> [Instructions to follow] Print every record exactly, but leave out the pictures.

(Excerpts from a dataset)
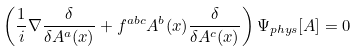<formula> <loc_0><loc_0><loc_500><loc_500>\left ( \frac { 1 } { i } \nabla \frac { \delta } { \delta A ^ { a } ( x ) } + f ^ { a b c } A ^ { b } ( x ) \frac { \delta } { \delta A ^ { c } ( x ) } \right ) \Psi _ { p h y s } [ A ] = 0</formula> 
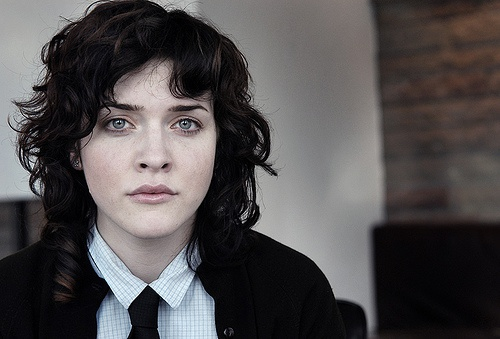Describe the objects in this image and their specific colors. I can see people in darkgray, black, lightgray, and gray tones and tie in darkgray, black, navy, and gray tones in this image. 
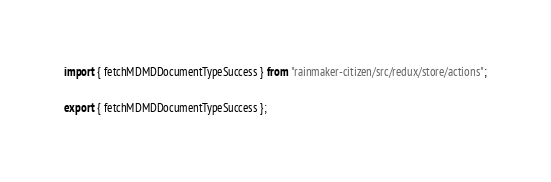<code> <loc_0><loc_0><loc_500><loc_500><_JavaScript_>import { fetchMDMDDocumentTypeSuccess } from "rainmaker-citizen/src/redux/store/actions";

export { fetchMDMDDocumentTypeSuccess };
</code> 
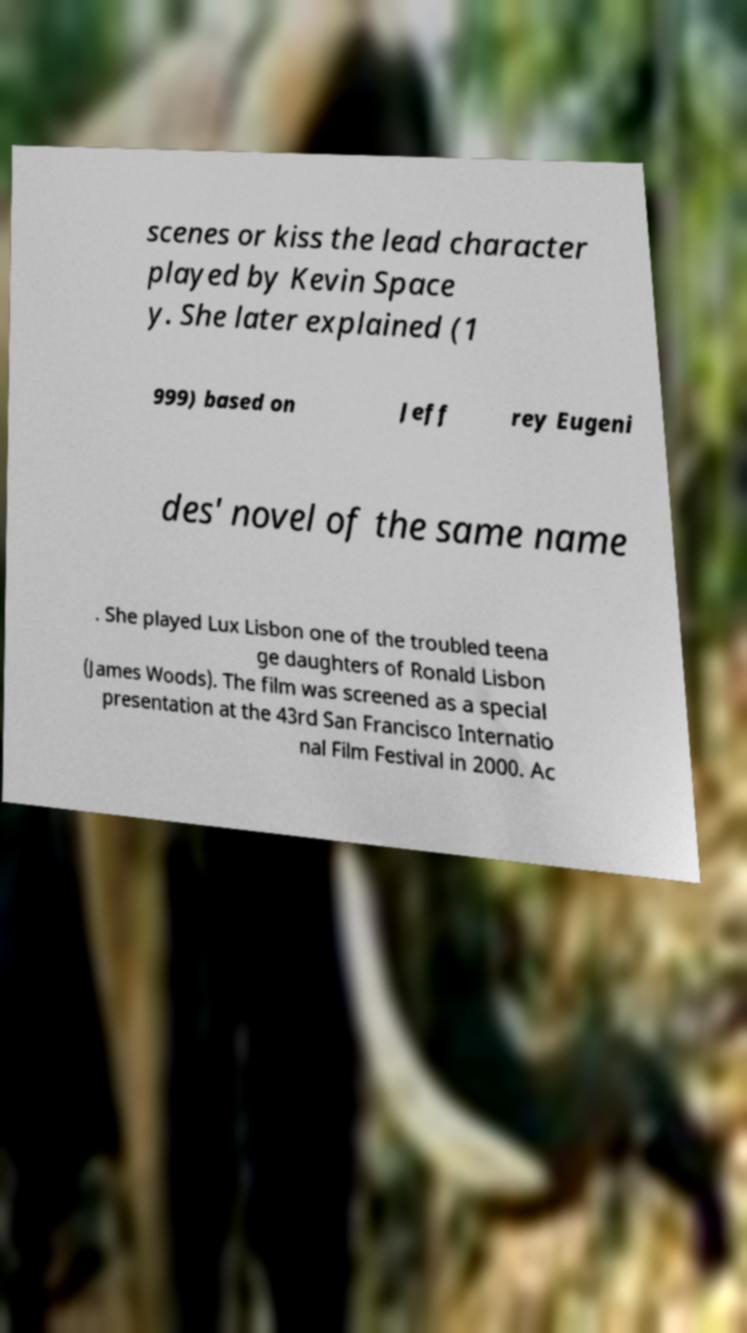I need the written content from this picture converted into text. Can you do that? scenes or kiss the lead character played by Kevin Space y. She later explained (1 999) based on Jeff rey Eugeni des' novel of the same name . She played Lux Lisbon one of the troubled teena ge daughters of Ronald Lisbon (James Woods). The film was screened as a special presentation at the 43rd San Francisco Internatio nal Film Festival in 2000. Ac 
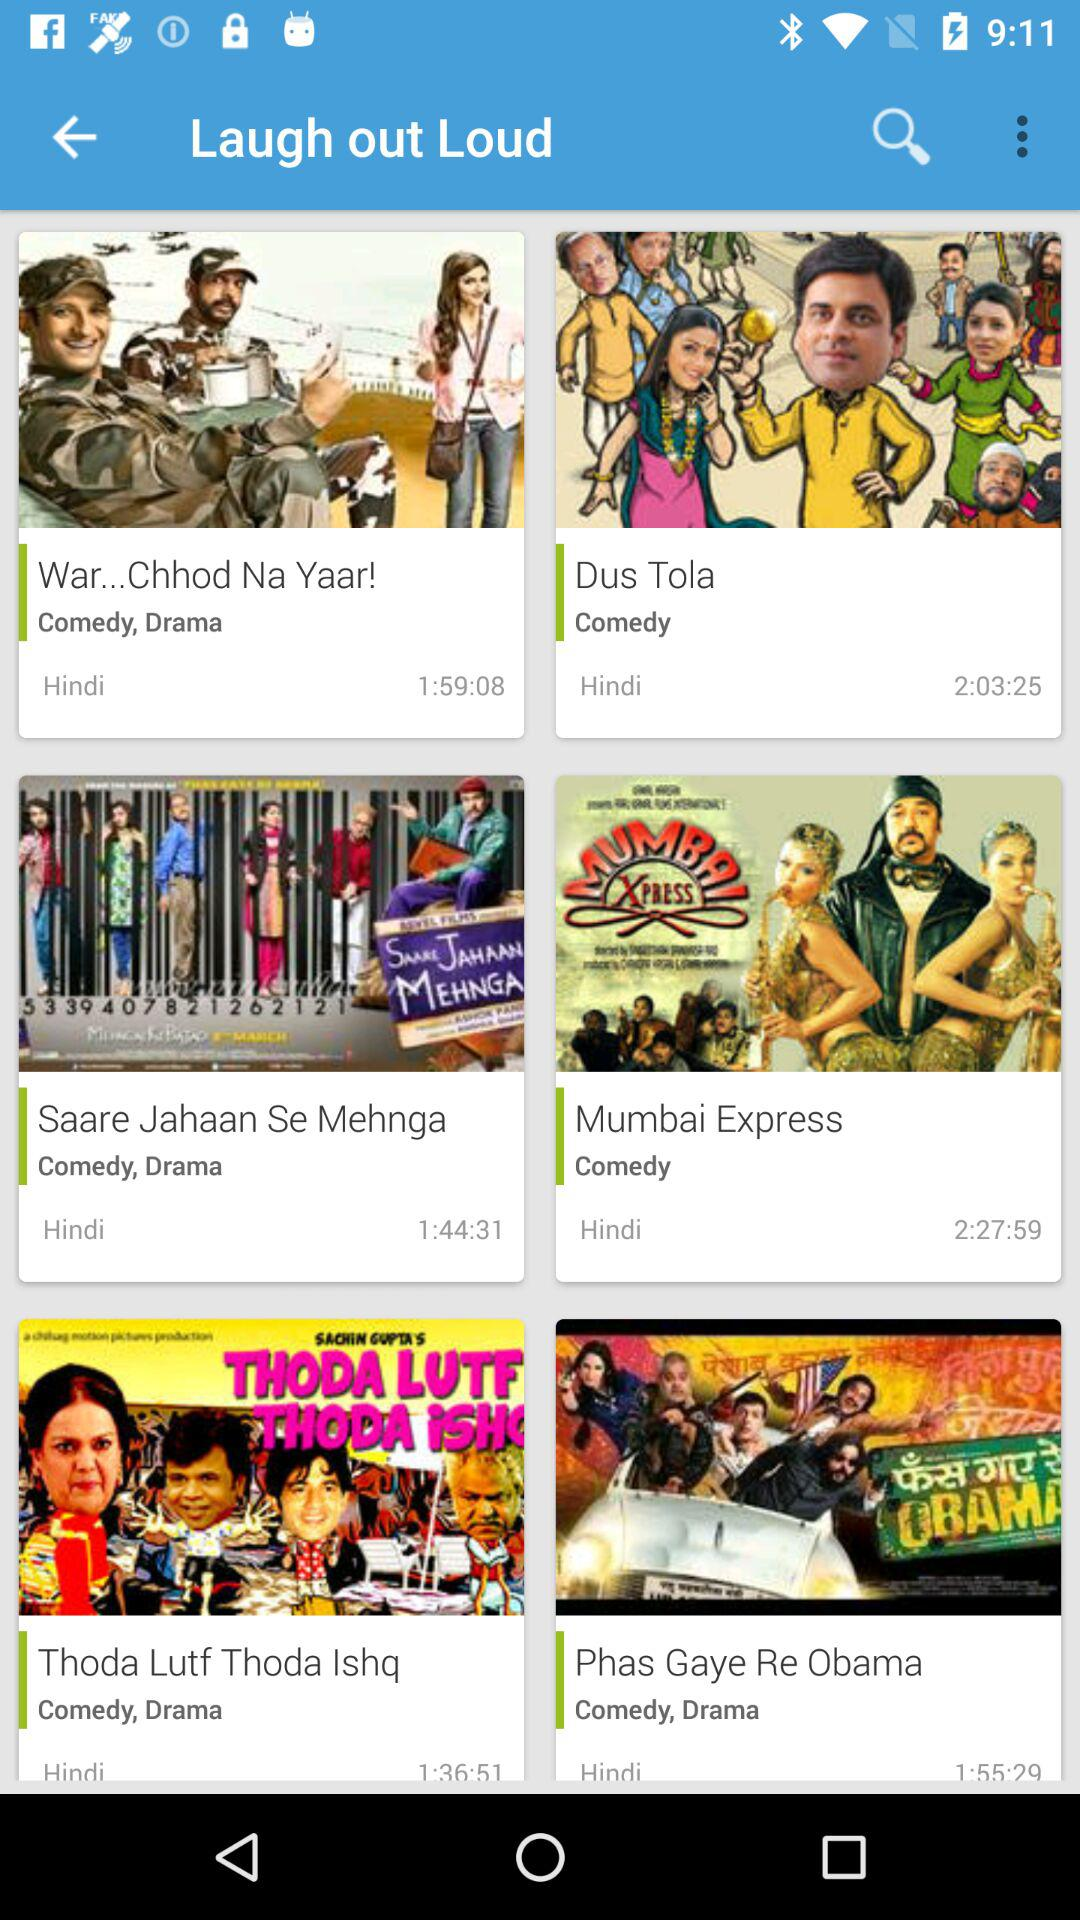Which item has the longest runtime?
Answer the question using a single word or phrase. Mumbai Express 
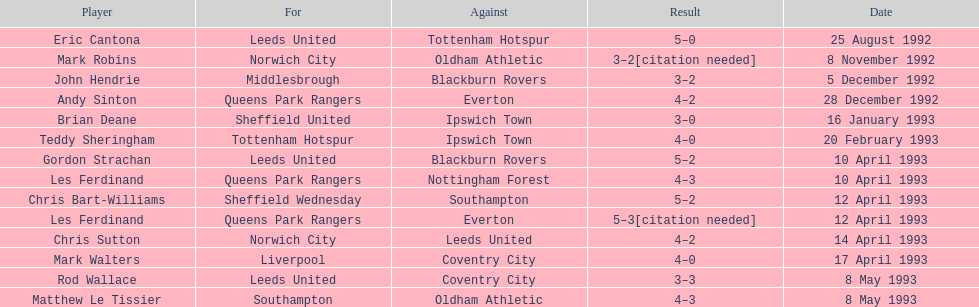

> [Finished task]
<formula> <loc_0><loc_0><loc_500><loc_500>\left ( \frac { 1 } { i } \nabla \frac { \delta } { \delta A ^ { a } ( x ) } + f ^ { a b c } A ^ { b } ( x ) \frac { \delta } { \delta A ^ { c } ( x ) } \right ) \Psi _ { p h y s } [ A ] = 0</formula> 
Describe the objects in this image and their specific colors. I can see people in darkgray, black, lightgray, and gray tones and tie in darkgray, black, navy, and gray tones in this image. 
<code> <loc_0><loc_0><loc_500><loc_500><_JavaScript_>import { fetchMDMDDocumentTypeSuccess } from "rainmaker-citizen/src/redux/store/actions";

export { fetchMDMDDocumentTypeSuccess };
</code> 
I need the written content from this picture converted into text. Can you do that? scenes or kiss the lead character played by Kevin Space y. She later explained (1 999) based on Jeff rey Eugeni des' novel of the same name . She played Lux Lisbon one of the troubled teena ge daughters of Ronald Lisbon (James Woods). The film was screened as a special presentation at the 43rd San Francisco Internatio nal Film Festival in 2000. Ac 
Which item has the longest runtime?
Answer the question using a single word or phrase. Mumbai Express 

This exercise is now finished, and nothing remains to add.